Not a minute later, the two of them are spending their money on the gym Timo wants to visit. His mother gets louder when it comes to the annual contribution: "This is not a special fare for you !? Then it's back to the school. "You will not enjoy your free time, you have to learn." Typical child-parent discussions. One knows.
In between, Cornelia asks her son to ask his sister if she can be seen. Leave her. 17 years, long hair, pretty as a foal and stubborn as a mule, if you want to believe her mother. Whereby the amiable stubbornness may also be in the family. "Every child is exhausting?" Cornelia Hampel emphasized earlier. "And every child has its problems. Nobody takes that off. And being worried is one of those things, that's why you got them.?
"Maybe I'll let my son live in his apartment in ten years?
As Timo roars away again with a clamor, one gets an idea of what it will be like when both children have flown out. A little paler, a bit quieter. So quiet that the worries in the head are quite loud. Cornelia Hampel is scared that someone will hurt Timo. Or before, that you can make him fat and he gets this typical Mongo figure, as she says. Many thoughts revolve around the world in which she releases him. A synchronized society, which is about self-optimization and about being as beautiful and efficient as possible. "We have already proven that," says Cornelia Hampel, referring to the Third Reich, "that this form does not bring the better company result, but only fear and terror."

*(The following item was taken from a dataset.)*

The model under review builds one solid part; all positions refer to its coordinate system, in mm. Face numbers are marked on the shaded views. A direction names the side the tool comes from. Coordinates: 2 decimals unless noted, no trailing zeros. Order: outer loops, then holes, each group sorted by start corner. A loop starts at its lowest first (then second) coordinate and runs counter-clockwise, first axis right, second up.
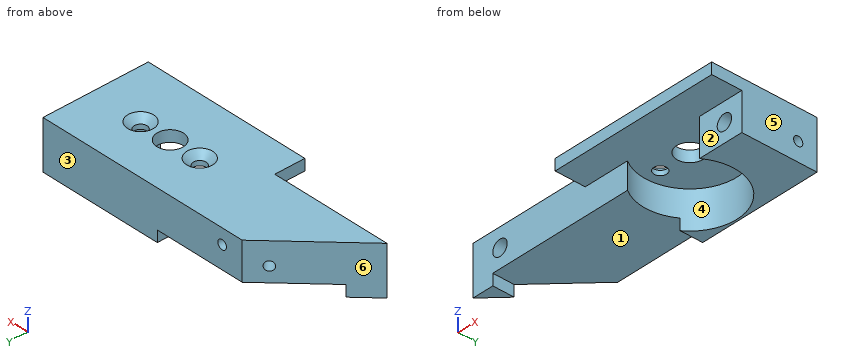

None of these hardships will vanish when six weeks are spent on Timo's progress. The conference is not about the political climate, about normalization or the loss of control of a mother. Instead, it is about letters to the authorities, about shopping and how to organize the way to work. But who knows? Says Cornelia Hampel. "Maybe I'll let my son live in his apartment in ten years' time. Then we have a nice evening, I go home and am happy that he is such a lively and contented person. And maybe I'll end up with my husband in a pub afterwards? In the next movement, her laughter fills the big room to the last corner. "It's not like I do not have a nice life without children."